Fig. 5 shows an illustration of the processing of different objects. A structurally uniform object handling device oh1.. OHn appears together. Each object handling device oh1.. OHn is connected to the output of the row counter TVLC and the trellis counter LCC of the trellis access address generator CAAG. The contents of the object raster counter OCCn and IN signals are then supplied to the raster access address generator CAAG via the priority control PC. If the object raster counter OCCn is within the object window and the IN signal is active, the multiplexer OCCn switches to picture memory PM addressing.

Fig. 6 shows a storage arrangement of two objects O1, O2. For example, object O1 represents the entire available visual screen. The data of the object O1 is then read out of the screen memory PM until another object O2 is to be displayed at the time VSTA2/HSTA 2.

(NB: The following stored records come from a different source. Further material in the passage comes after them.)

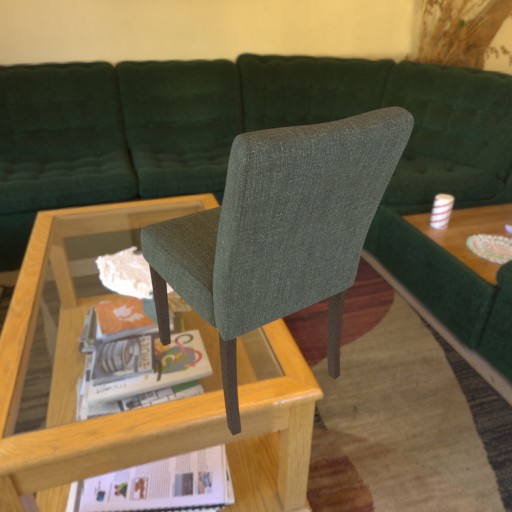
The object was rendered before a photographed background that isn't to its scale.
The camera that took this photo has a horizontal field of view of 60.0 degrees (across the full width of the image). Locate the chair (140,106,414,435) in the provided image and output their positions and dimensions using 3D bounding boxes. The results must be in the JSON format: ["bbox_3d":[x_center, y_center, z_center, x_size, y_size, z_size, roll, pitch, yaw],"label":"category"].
[{"bbox_3d":[0.000,0.000,1.290,0.487,0.884,0.629,-19,35,-29],"label":"chair"}]
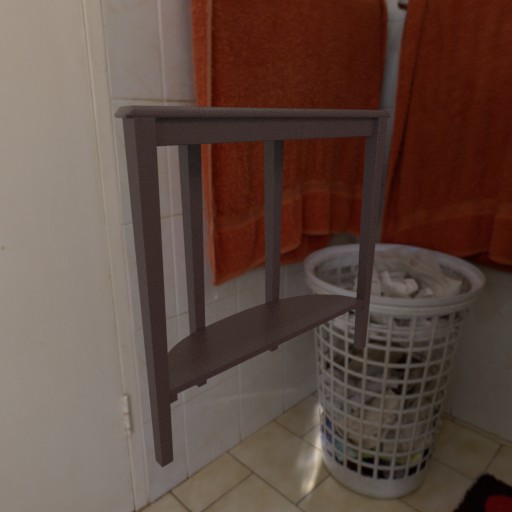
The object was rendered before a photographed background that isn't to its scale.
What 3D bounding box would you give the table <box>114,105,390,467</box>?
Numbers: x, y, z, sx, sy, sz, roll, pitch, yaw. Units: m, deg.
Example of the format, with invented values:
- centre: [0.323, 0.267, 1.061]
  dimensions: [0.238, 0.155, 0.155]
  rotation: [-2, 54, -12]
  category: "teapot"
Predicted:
- centre: [0.000, 0.000, 1.321]
  dimensions: [0.909, 0.831, 0.274]
  rotation: [-16, 23, -41]
  category: "table"
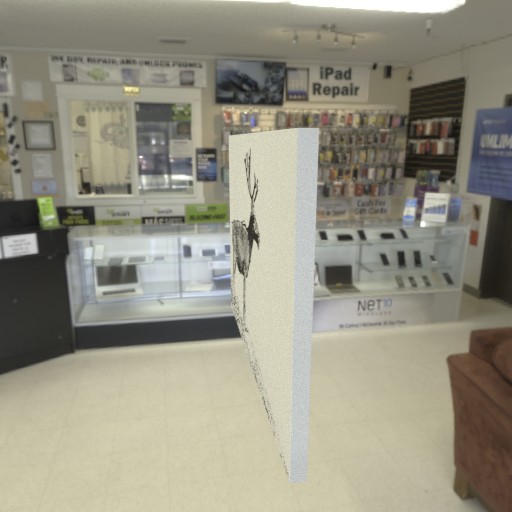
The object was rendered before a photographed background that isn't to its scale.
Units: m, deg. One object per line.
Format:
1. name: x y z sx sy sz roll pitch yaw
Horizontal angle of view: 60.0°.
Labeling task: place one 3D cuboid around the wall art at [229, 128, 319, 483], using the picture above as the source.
1. wall art: 0.000 0.000 1.158 0.033 0.617 0.906 -2 15 -9
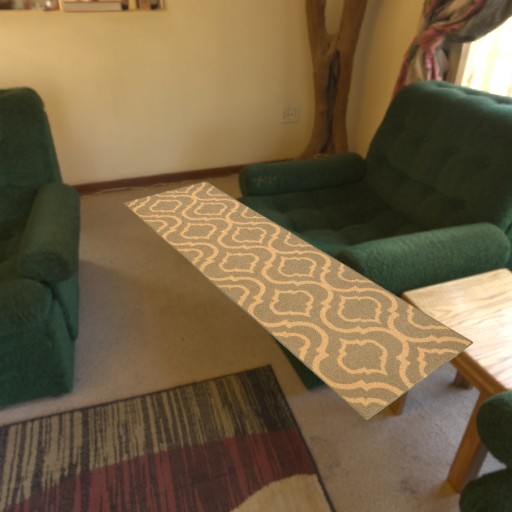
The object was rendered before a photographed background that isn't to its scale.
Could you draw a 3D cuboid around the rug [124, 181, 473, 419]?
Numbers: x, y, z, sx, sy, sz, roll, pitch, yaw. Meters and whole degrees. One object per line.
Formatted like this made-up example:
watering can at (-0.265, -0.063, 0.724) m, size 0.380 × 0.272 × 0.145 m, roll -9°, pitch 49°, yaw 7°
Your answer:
rug at (0.000, 0.000, 2.535) m, size 0.684 × 0.009 × 2.275 m, roll -21°, pitch 37°, yaw -30°
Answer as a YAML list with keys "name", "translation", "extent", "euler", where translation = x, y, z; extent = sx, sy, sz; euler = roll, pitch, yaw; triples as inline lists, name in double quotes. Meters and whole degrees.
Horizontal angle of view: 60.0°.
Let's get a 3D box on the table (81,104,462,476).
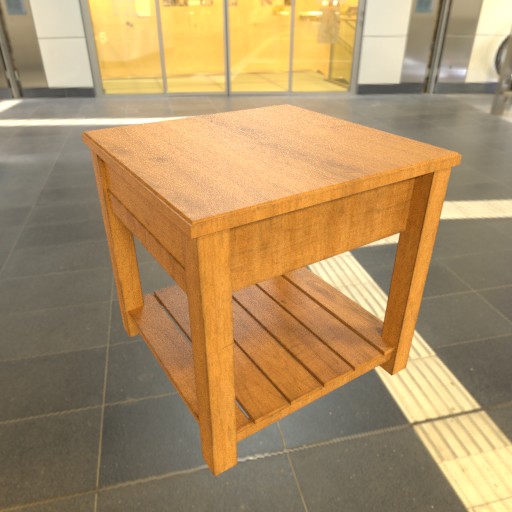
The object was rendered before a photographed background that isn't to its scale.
- name: "table"
  translation: [0.000, 0.000, 1.137]
  extent: [0.616, 0.593, 0.612]
  euler: [-18, 34, -28]
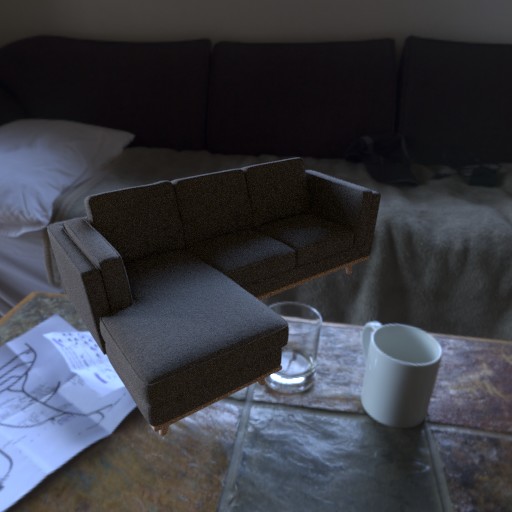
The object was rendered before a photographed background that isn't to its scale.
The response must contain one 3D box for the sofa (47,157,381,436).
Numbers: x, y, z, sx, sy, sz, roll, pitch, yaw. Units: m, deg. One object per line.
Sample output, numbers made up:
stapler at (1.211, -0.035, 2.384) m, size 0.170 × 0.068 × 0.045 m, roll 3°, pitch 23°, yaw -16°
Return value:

With the example of the active line AL, at time ta, the data of address a, determined by the object grid counter OCC1, is read and reproduced on the screen, always at time tb. After time tb, the object processing apparatus presents for object O1 that the contents of the active line AL are outside the object O1 area. The priority control PC then switches to the next object handling apparatus, which is responsible for the object O2. The memory area b defined by the object grid counter OCC2 is read out to reach the time tc. From here on, it is again verified that the content of the active line AL is outside the area of the object O2. At a time tc of the object raster counter OCC1, the priority control PC then switches back to the object processing apparatus of the object O1 again.

Claims (3)

1. A method of displaying screen constituent elements on a reproduction screen, comprising the steps of:

subdividing a regenerated row of n.j horizontally adjacent pixels into n equal-sized grids of j pixels, wherein each grid includes only the regenerated row of pixels;

sequentially storing a grid including j pixels in a picture memory;

reading out the grid from a picture memory for display; and

j pixels of the read-out grid are displayed.

2. The method of claim 1, wherein a grid contains a number of pixels having a specified resolution and attributes of a specified display mode for the pixels.

3. The method of claim 1, wherein the grid is stored in an object-oriented manner in a picture store.